* [GOAL OF THE EXERCISE]
Go to the line containing "- action figure <box>0,0,137,375</box>" in the listing below. Output that line and each later one exactly.

* [TASK INPUT]
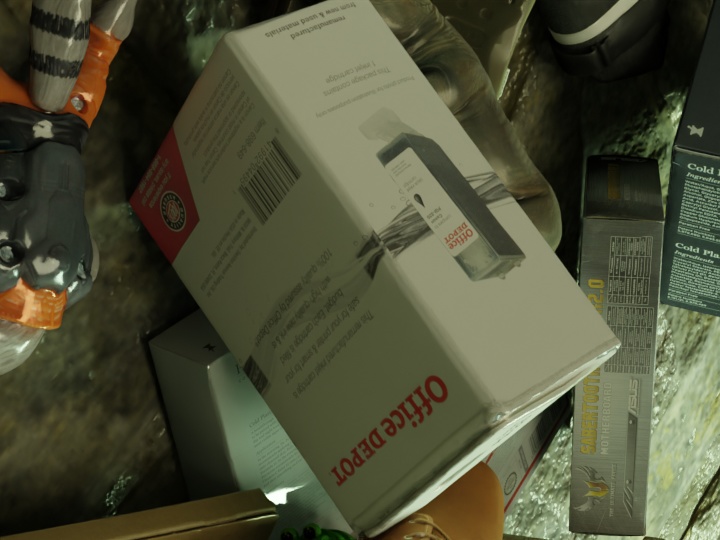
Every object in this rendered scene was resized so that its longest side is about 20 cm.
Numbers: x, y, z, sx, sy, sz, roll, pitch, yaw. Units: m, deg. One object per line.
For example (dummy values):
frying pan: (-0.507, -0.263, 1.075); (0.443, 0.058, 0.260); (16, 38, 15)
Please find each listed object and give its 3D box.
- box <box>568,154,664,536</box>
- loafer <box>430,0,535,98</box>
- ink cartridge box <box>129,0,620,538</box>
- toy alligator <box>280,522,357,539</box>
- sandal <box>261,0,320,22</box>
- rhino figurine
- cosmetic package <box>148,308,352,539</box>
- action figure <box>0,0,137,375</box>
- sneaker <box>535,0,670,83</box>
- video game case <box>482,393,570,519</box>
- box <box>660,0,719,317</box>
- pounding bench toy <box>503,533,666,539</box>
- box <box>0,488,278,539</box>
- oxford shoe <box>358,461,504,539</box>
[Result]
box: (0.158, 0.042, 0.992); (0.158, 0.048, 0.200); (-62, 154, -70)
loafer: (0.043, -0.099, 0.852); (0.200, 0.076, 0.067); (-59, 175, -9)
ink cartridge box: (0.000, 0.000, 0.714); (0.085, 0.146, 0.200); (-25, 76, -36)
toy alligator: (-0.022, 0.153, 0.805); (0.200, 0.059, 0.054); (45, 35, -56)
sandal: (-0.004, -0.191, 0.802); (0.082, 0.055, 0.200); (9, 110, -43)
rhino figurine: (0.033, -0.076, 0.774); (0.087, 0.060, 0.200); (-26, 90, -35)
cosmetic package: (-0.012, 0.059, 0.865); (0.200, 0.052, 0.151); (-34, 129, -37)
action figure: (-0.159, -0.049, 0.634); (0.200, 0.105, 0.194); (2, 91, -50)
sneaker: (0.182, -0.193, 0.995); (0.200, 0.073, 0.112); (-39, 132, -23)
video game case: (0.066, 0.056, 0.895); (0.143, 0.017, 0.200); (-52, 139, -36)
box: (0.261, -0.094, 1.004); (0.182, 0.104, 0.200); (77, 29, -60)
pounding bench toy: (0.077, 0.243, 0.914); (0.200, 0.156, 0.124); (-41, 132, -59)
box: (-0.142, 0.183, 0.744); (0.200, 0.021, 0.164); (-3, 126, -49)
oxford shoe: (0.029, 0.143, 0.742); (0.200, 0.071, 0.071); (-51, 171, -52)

* [ANSWER TO THE EXERCISE]
- action figure <box>0,0,137,375</box>
- sneaker <box>535,0,670,83</box>
- video game case <box>482,393,570,519</box>
- box <box>660,0,719,317</box>
- pounding bench toy <box>503,533,666,539</box>
- box <box>0,488,278,539</box>
- oxford shoe <box>358,461,504,539</box>
[Result]
box: (0.158, 0.042, 0.992); (0.158, 0.048, 0.200); (-62, 154, -70)
loafer: (0.043, -0.099, 0.852); (0.200, 0.076, 0.067); (-59, 175, -9)
ink cartridge box: (0.000, 0.000, 0.714); (0.085, 0.146, 0.200); (-25, 76, -36)
toy alligator: (-0.022, 0.153, 0.805); (0.200, 0.059, 0.054); (45, 35, -56)
sandal: (-0.004, -0.191, 0.802); (0.082, 0.055, 0.200); (9, 110, -43)
rhino figurine: (0.033, -0.076, 0.774); (0.087, 0.060, 0.200); (-26, 90, -35)
cosmetic package: (-0.012, 0.059, 0.865); (0.200, 0.052, 0.151); (-34, 129, -37)
action figure: (-0.159, -0.049, 0.634); (0.200, 0.105, 0.194); (2, 91, -50)
sneaker: (0.182, -0.193, 0.995); (0.200, 0.073, 0.112); (-39, 132, -23)
video game case: (0.066, 0.056, 0.895); (0.143, 0.017, 0.200); (-52, 139, -36)
box: (0.261, -0.094, 1.004); (0.182, 0.104, 0.200); (77, 29, -60)
pounding bench toy: (0.077, 0.243, 0.914); (0.200, 0.156, 0.124); (-41, 132, -59)
box: (-0.142, 0.183, 0.744); (0.200, 0.021, 0.164); (-3, 126, -49)
oxford shoe: (0.029, 0.143, 0.742); (0.200, 0.071, 0.071); (-51, 171, -52)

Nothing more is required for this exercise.